Ando en plena catarsis personal, superando esta crisis de los 40 y, a la vez, volviendo a ser un niño jugando con mi hijo que tiene 18 meses. Y también casi vacío en mi cabeza, en mi conciencia y en mi espíritu después de haberme llevado meses escribiendo mi primer libro poemario. En pleno reencuentro y al final recuperando la energía que me dan volverme a subir a una furgoneta, el local de ensayos, el estudio, el escenario, y con la prioridad de prepararle biberones, bañar y cambiarle los pañales a mi hijo.

Usted que ahora es padre, ¿hasta qué punto es un tópico eso de que un hijo te cambia la vida?

Es uno de los tópicos más realistas que existen, si eres una persona responsable y además has sido padre con la persona adecuada y en el momento adecuado de tu vida, es el tópico más bonito al que nos podemos agarrar. Te cambia, es verdad, siempre y cuando tú quieras cambiar. Nunca me ha gustado sentirme dueño de nada, ni de nadie, pero cuando ves nacer a tu hijo sí tienes la sensación de que es el amor más grande que te pertenece. Eso sí que te cambia el concepto de todo, me siento más padre que músico.

¿Pensó que llegaría hasta aquí en la música mientras se sacaba el título de FP de Electricidad en un instituto de la zona Sur de Jerez?

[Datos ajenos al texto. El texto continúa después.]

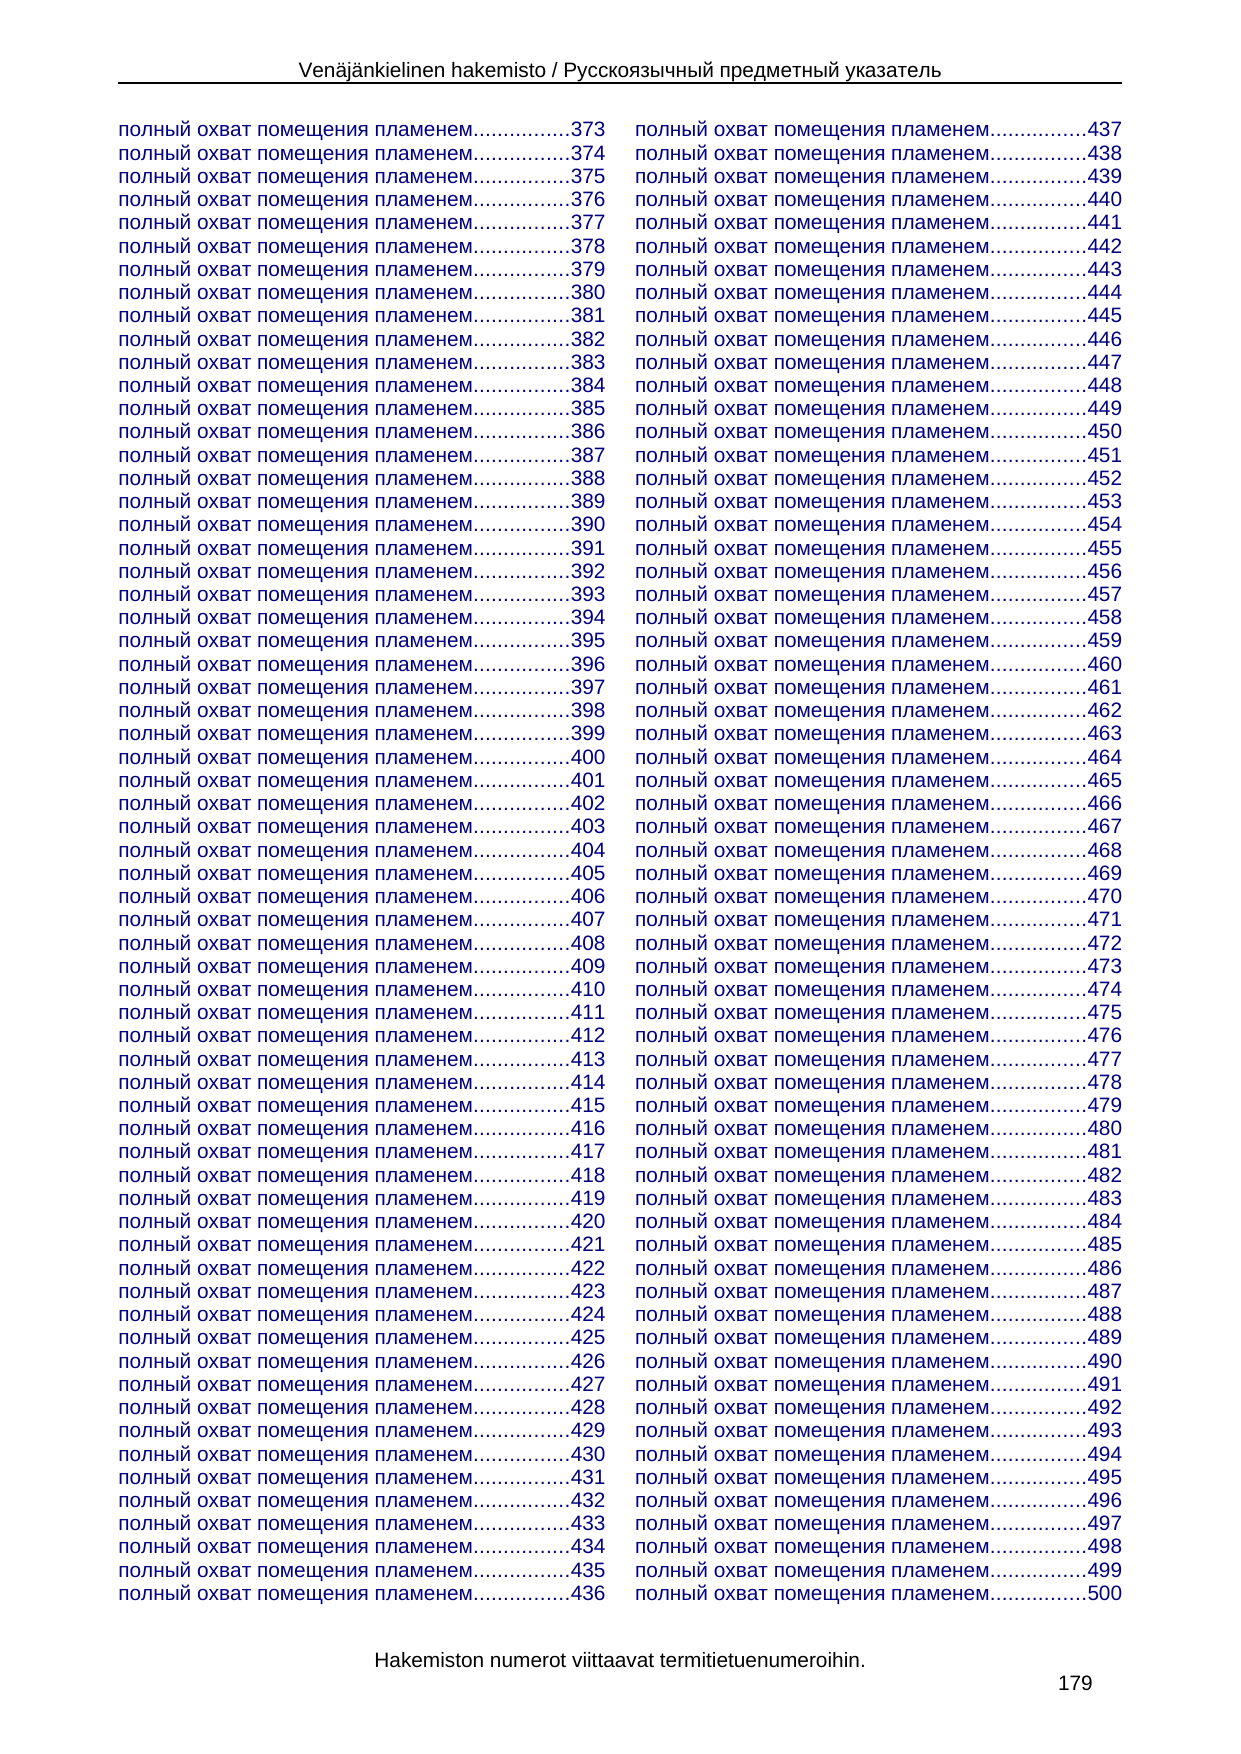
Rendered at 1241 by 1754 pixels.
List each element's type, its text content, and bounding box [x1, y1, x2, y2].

text полный охват помещения пламенем 478 [635, 1070, 1122, 1094]
text полный охват помещения пламенем 489 [635, 1326, 1122, 1349]
text полный охват помещения пламенем 480 [635, 1117, 1122, 1140]
text полный охват помещения пламенем 401 [118, 768, 605, 792]
text полный охват помещения пламенем 413 [118, 1047, 605, 1070]
text полный охват помещения пламенем 420 [118, 1210, 605, 1233]
text полный охват помещения пламенем 466 [635, 792, 1122, 815]
text полный охват помещения пламенем 446 [635, 327, 1122, 350]
text полный охват помещения пламенем 451 [635, 443, 1122, 466]
text полный охват помещения пламенем 431 [118, 1465, 605, 1488]
text полный охват помещения пламенем 411 [118, 1001, 605, 1024]
text полный охват помещения пламенем 436 [118, 1581, 605, 1605]
text полный охват помещения пламенем 490 [635, 1349, 1122, 1372]
text полный охват помещения пламенем 497 [635, 1512, 1122, 1535]
text полный охват помещения пламенем 424 [118, 1303, 605, 1326]
text полный охват помещения пламенем 453 [635, 490, 1122, 513]
text полный охват помещения пламенем 384 [118, 373, 605, 397]
text полный охват помещения пламенем 386 [118, 420, 605, 443]
text полный охват помещения пламенем 385 [118, 397, 605, 420]
text полный охват помещения пламенем 433 [118, 1512, 605, 1535]
text полный охват помещения пламенем 464 [635, 745, 1122, 768]
text полный охват помещения пламенем 393 [118, 583, 605, 606]
text полный охват помещения пламенем 407 [118, 908, 605, 931]
text полный охват помещения пламенем 427 [118, 1372, 605, 1396]
text полный охват помещения пламенем 492 [635, 1396, 1122, 1419]
text полный охват помещения пламенем 467 [635, 815, 1122, 838]
text полный охват помещения пламенем 487 [635, 1279, 1122, 1303]
text полный охват помещения пламенем 398 [118, 699, 605, 722]
text полный охват помещения пламенем 486 [635, 1256, 1122, 1279]
text полный охват помещения пламенем 437 [635, 118, 1122, 141]
text полный охват помещения пламенем 457 [635, 583, 1122, 606]
text полный охват помещения пламенем 481 [635, 1140, 1122, 1163]
text полный охват помещения пламенем 441 [635, 211, 1122, 234]
text полный охват помещения пламенем 465 [635, 768, 1122, 792]
text полный охват помещения пламенем 412 [118, 1024, 605, 1047]
text полный охват помещения пламенем 434 [118, 1535, 605, 1558]
text полный охват помещения пламенем 470 [635, 884, 1122, 908]
text полный охват помещения пламенем 403 [118, 815, 605, 838]
text полный охват помещения пламенем 473 [635, 954, 1122, 977]
text полный охват помещения пламенем 445 [635, 304, 1122, 327]
text полный охват помещения пламенем 375 [118, 164, 605, 188]
text полный охват помещения пламенем 381 [118, 304, 605, 327]
text полный охват помещения пламенем 378 [118, 234, 605, 257]
text полный охват помещения пламенем 494 [635, 1442, 1122, 1465]
text полный охват помещения пламенем 416 [118, 1117, 605, 1140]
text полный охват помещения пламенем 390 [118, 513, 605, 536]
text полный охват помещения пламенем 387 [118, 443, 605, 466]
text полный охват помещения пламенем 425 [118, 1326, 605, 1349]
text полный охват помещения пламенем 493 [635, 1419, 1122, 1442]
text полный охват помещения пламенем 438 [635, 141, 1122, 164]
text полный охват помещения пламенем 449 [635, 397, 1122, 420]
text полный охват помещения пламенем 394 [118, 606, 605, 629]
text полный охват помещения пламенем 432 [118, 1488, 605, 1512]
text полный охват помещения пламенем 435 [118, 1558, 605, 1581]
text полный охват помещения пламенем 383 [118, 350, 605, 373]
text полный охват помещения пламенем 450 [635, 420, 1122, 443]
text полный охват помещения пламенем 410 [118, 977, 605, 1001]
text полный охват помещения пламенем 402 [118, 792, 605, 815]
text полный охват помещения пламенем 484 [635, 1210, 1122, 1233]
text полный охват помещения пламенем 442 [635, 234, 1122, 257]
text полный охват помещения пламенем 482 [635, 1163, 1122, 1187]
text полный охват помещения пламенем 414 [118, 1070, 605, 1094]
text полный охват помещения пламенем 472 [635, 931, 1122, 954]
text полный охват помещения пламенем 460 [635, 652, 1122, 676]
text полный охват помещения пламенем 461 [635, 676, 1122, 699]
text полный охват помещения пламенем 380 [118, 281, 605, 304]
text полный охват помещения пламенем 422 [118, 1256, 605, 1279]
text полный охват помещения пламенем 418 [118, 1163, 605, 1187]
text полный охват помещения пламенем 415 [118, 1094, 605, 1117]
text полный охват помещения пламенем 382 [118, 327, 605, 350]
text полный охват помещения пламенем 376 [118, 188, 605, 211]
text полный охват помещения пламенем 439 [635, 164, 1122, 188]
text полный охват помещения пламенем 447 [635, 350, 1122, 373]
text полный охват помещения пламенем 404 [118, 838, 605, 861]
text полный охват помещения пламенем 395 [118, 629, 605, 652]
text полный охват помещения пламенем 379 [118, 257, 605, 281]
text полный охват помещения пламенем 468 [635, 838, 1122, 861]
text полный охват помещения пламенем 462 [635, 699, 1122, 722]
text полный охват помещения пламенем 491 [635, 1372, 1122, 1396]
text полный охват помещения пламенем 430 [118, 1442, 605, 1465]
text полный охват помещения пламенем 408 [118, 931, 605, 954]
text полный охват помещения пламенем 475 [635, 1001, 1122, 1024]
text полный охват помещения пламенем 458 [635, 606, 1122, 629]
text полный охват помещения пламенем 409 [118, 954, 605, 977]
text полный охват помещения пламенем 469 [635, 861, 1122, 884]
text полный охват помещения пламенем 421 [118, 1233, 605, 1256]
text полный охват помещения пламенем 419 [118, 1187, 605, 1210]
text полный охват помещения пламенем 406 [118, 884, 605, 908]
text полный охват помещения пламенем 373 [118, 118, 605, 141]
text полный охват помещения пламенем 474 [635, 977, 1122, 1001]
text полный охват помещения пламенем 452 [635, 466, 1122, 490]
text полный охват помещения пламенем 476 [635, 1024, 1122, 1047]
text полный охват помещения пламенем 488 [635, 1303, 1122, 1326]
text полный охват помещения пламенем 477 [635, 1047, 1122, 1070]
text полный охват помещения пламенем 456 [635, 559, 1122, 583]
text полный охват помещения пламенем 500 [635, 1581, 1122, 1605]
text полный охват помещения пламенем 423 [118, 1279, 605, 1303]
text полный охват помещения пламенем 396 [118, 652, 605, 676]
text полный охват помещения пламенем 405 [118, 861, 605, 884]
text полный охват помещения пламенем 459 [635, 629, 1122, 652]
text полный охват помещения пламенем 495 [635, 1465, 1122, 1488]
text полный охват помещения пламенем 454 [635, 513, 1122, 536]
text полный охват помещения пламенем 448 [635, 373, 1122, 397]
text полный охват помещения пламенем 392 [118, 559, 605, 583]
text полный охват помещения пламенем 485 [635, 1233, 1122, 1256]
text полный охват помещения пламенем 400 [118, 745, 605, 768]
text полный охват помещения пламенем 498 [635, 1535, 1122, 1558]
text полный охват помещения пламенем 388 [118, 466, 605, 490]
text полный охват помещения пламенем 483 [635, 1187, 1122, 1210]
text полный охват помещения пламенем 443 [635, 257, 1122, 281]
text полный охват помещения пламенем 444 [635, 281, 1122, 304]
text полный охват помещения пламенем 455 [635, 536, 1122, 559]
text полный охват помещения пламенем 391 [118, 536, 605, 559]
text полный охват помещения пламенем 463 [635, 722, 1122, 745]
text полный охват помещения пламенем 479 [635, 1094, 1122, 1117]
text полный охват помещения пламенем 374 [118, 141, 605, 164]
text полный охват помещения пламенем 377 [118, 211, 605, 234]
text полный охват помещения пламенем 499 [635, 1558, 1122, 1581]
text полный охват помещения пламенем 440 [635, 188, 1122, 211]
text полный охват помещения пламенем 496 [635, 1488, 1122, 1512]
text полный охват помещения пламенем 389 [118, 490, 605, 513]
text полный охват помещения пламенем 397 [118, 676, 605, 699]
text полный охват помещения пламенем 428 [118, 1396, 605, 1419]
text полный охват помещения пламенем 417 [118, 1140, 605, 1163]
text полный охват помещения пламенем 429 [118, 1419, 605, 1442]
text полный охват помещения пламенем 399 [118, 722, 605, 745]
text полный охват помещения пламенем 426 [118, 1349, 605, 1372]
text полный охват помещения пламенем 471 [635, 908, 1122, 931]

Pasa muy rápido todo, la vida artística va a una velocidad que no te enteras, ya estamos hablando de 2018, del disco aniversario, del libro, de una gira de presentación por toda España, y sin embargo estamos en el inicio del verano de 2017; eso hace que tu vida vaya muy deprisa. Siempre digo que no he cumplido años, sino que he ido cumpliendo canciones, giras, discos… Me acuerdo de mis momentos en mis archivos del recuerdo y no recuerdo haber cumplido años, sino que tengo recuerdo de la gira con los Kelliam 71, del primer disco que grabé en Jerez, de mi primer contrato discográfico con una multinacional… Esos son mis recuerdos. Entonces, echo la vista atrás y veo que todo ha ido muy deprisa. Pero si al final todo ha desembocado en haber conocido a mi hijo y haber conocido el amor de ser padre, no cambiaría nada. Y me siento muy agradecido de haber encontrado siempre a grandísimos músicos, grandísimas personas, buenos amigos, y siempre desagradecido al que se acercaba con intereses. Lo veo como una apuesta de vida que si me dicen cuando empecé en el Instituto Romero Vargas, hace 25 años, que iba a vivir de la música no me lo habría creído.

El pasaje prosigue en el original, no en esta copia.